SVM Compared with Logistic Regression #
| Feature | Logistic Regression | SVM |
|---|---|---|
| Main output | probability | class boundary / score |
| Main idea | estimate probability using sigmoid | maximise margin |
| Boundary | usually linear unless features are transformed | linear or kernel-based non-linear |
| Loss | log loss | hinge loss |
| Outlier sensitivity | can be affected | soft margin controls effect through \( C \) |
| Interpretability | probability is easier to explain | margin-based explanation |
Logistic regression is useful when probability interpretation matters.
SVM is useful when a strong separating boundary is more important.
SVM Compared with Decision Trees #
| Feature | Decision Tree | SVM |
|---|---|---|
| Decision boundary | axis-aligned splits | maximum-margin hyperplane |
| Interpretability | high for small trees | moderate to low |
| Feature scaling | usually not required | important |
| Non-linear data | handled by tree splits | handled by kernels |
| Overfitting control | pruning, depth, minimum samples | \( C \) , kernel choice, \( \gamma \) |
Practical Scikit-Learn Example #
from sklearn.model_selection import train_test_split
from sklearn.preprocessing import StandardScaler
from sklearn.svm import SVC
from sklearn.metrics import accuracy_score, classification_report
from sklearn.pipeline import Pipeline
# X = input features, y = class labels
X_train, X_test, y_train, y_test = train_test_split(
X,
y,
test_size=0.2,
random_state=42,
stratify=y
)
model = Pipeline([
("scaler", StandardScaler()),
("svm", SVC(kernel="rbf", C=1.0, gamma="scale"))
])
model.fit(X_train, y_train)
y_pred = model.predict(X_test)
print("Accuracy:", accuracy_score(y_test, y_pred))
print(classification_report(y_test, y_pred))
The pipeline is important because scaling must be learned only from the training data.
Common Exam Questions ☆ #
1. Define SVM #
SVM is a supervised discriminative classifier that finds the maximum-margin decision boundary between classes.
2. What are support vectors? #
Support vectors are the training points closest to the decision boundary.
They determine the final hyperplane and margin.
3. What is the difference between hard margin and soft margin? #
Hard margin does not allow any violation.
Soft margin allows some violations using slack variables and controls the penalty through \( C \) .
4. What is the kernel trick? #
The kernel trick computes dot products in a transformed feature space without explicitly computing the transformation.
5. Why is SVM useful for non-linear data? #
Kernel SVM can map data implicitly into a higher-dimensional feature space where a linear separator may exist.
Common Mistakes #
| Mistake | Correction |
|---|---|
| Thinking SVM only draws any separating line | SVM chooses the maximum-margin separator |
| Forgetting support vectors | Support vectors define the margin and boundary |
| Using hard margin for noisy data | Use soft margin with suitable \( C \) |
| Forgetting scaling | Scale features before SVM training |
| Thinking kernels explicitly create features | Kernel trick avoids explicit transformation |
| Treating SVM output as probability by default | SVM gives a decision score unless probability calibration is enabled |
Quick Revision Summary #
- SVM is mainly a supervised classification algorithm.

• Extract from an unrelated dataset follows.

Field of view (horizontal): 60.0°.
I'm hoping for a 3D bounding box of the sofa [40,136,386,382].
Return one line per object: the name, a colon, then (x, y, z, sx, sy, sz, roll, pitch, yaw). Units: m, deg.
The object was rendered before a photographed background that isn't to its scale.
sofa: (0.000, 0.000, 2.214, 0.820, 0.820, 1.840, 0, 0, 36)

- It is a discriminative classifier.
- It finds the best decision boundary by maximising the margin.
- Support vectors are the closest points to the boundary.

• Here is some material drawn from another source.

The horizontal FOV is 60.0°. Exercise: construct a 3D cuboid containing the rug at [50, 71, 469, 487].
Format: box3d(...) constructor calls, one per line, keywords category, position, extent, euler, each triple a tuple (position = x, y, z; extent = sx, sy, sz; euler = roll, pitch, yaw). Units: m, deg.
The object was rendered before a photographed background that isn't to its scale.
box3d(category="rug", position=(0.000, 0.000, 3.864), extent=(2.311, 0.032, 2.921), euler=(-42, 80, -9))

- Hard margin assumes perfect separability.
- Soft margin allows violations using slack variables.
- \( C \) controls the trade-off between margin width and training error.
- Kernel trick helps SVM handle non-linear data.
- Linear, polynomial and RBF are common kernels.
- Feature scaling is very important for SVM.
References #
- Course handout: Module 7, Support Vector Machines.
- Lecture transcript: Support Vector Machine sessions by Prof. Indumathi Prabakeran.
- Course slides: Instance-based Learning and SVM transition material.
- C. J. C. Burges, A Tutorial on Support Vector Machines for Pattern Recognition.